*** Provided entries ***

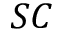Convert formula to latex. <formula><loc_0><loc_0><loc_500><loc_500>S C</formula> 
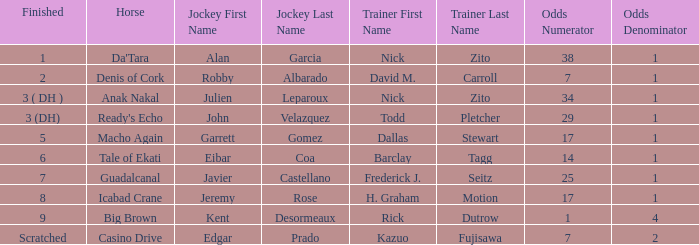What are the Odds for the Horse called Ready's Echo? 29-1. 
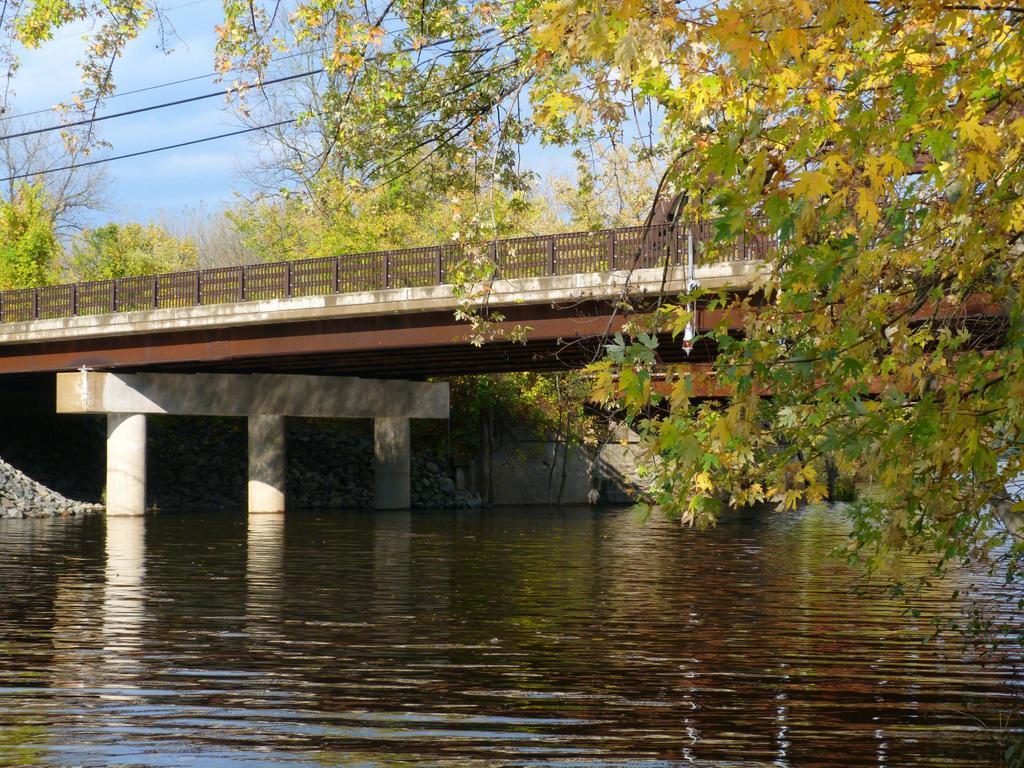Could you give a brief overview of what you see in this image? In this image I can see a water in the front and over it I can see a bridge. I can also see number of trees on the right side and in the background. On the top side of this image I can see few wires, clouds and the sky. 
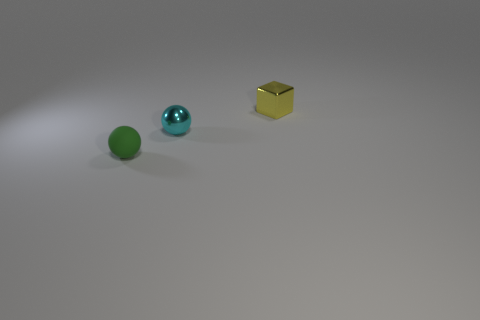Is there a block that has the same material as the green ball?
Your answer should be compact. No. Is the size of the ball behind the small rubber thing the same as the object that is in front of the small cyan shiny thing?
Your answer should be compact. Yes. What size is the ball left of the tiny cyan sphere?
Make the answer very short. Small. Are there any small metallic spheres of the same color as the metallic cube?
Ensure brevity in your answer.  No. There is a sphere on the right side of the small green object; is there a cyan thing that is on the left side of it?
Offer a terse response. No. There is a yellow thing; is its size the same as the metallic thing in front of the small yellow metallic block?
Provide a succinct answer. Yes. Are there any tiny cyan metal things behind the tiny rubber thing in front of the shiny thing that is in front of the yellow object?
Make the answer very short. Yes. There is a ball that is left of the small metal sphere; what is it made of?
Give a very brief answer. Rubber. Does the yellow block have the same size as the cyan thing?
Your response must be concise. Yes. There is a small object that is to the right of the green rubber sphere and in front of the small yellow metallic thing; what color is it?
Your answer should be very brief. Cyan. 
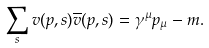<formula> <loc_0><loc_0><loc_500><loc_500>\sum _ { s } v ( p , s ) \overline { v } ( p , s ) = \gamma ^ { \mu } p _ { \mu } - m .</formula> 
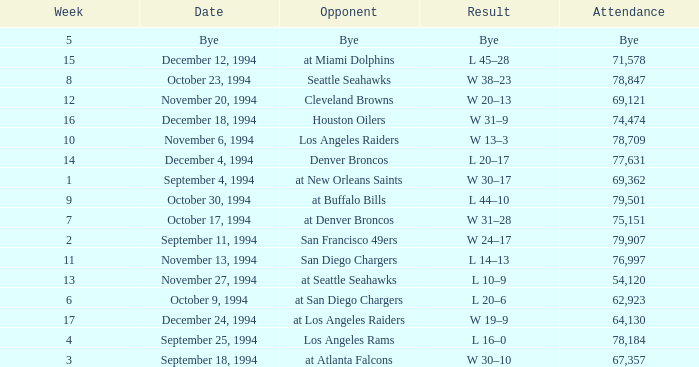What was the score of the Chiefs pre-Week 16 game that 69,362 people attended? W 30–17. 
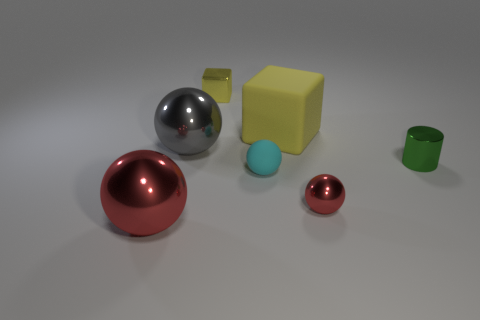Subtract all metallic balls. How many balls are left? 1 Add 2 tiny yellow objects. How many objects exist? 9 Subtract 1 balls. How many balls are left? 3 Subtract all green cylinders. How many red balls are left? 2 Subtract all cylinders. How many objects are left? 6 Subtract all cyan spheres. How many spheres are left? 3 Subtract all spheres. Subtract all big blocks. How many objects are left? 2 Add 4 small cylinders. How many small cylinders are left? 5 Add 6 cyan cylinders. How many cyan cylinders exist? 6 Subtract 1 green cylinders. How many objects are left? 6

*** End of Provided entries ***

#### Required action:
Of all the lines in the data above, show only those that hold the word "behind".

#### Response to the exercise:
Your answer should be compact. No. Is the size of the ball behind the small rubber thing the same as the object that is in front of the small cyan shiny thing?
Provide a succinct answer. Yes. Are there any tiny cyan metal things behind the tiny rubber thing in front of the shiny thing that is in front of the yellow object?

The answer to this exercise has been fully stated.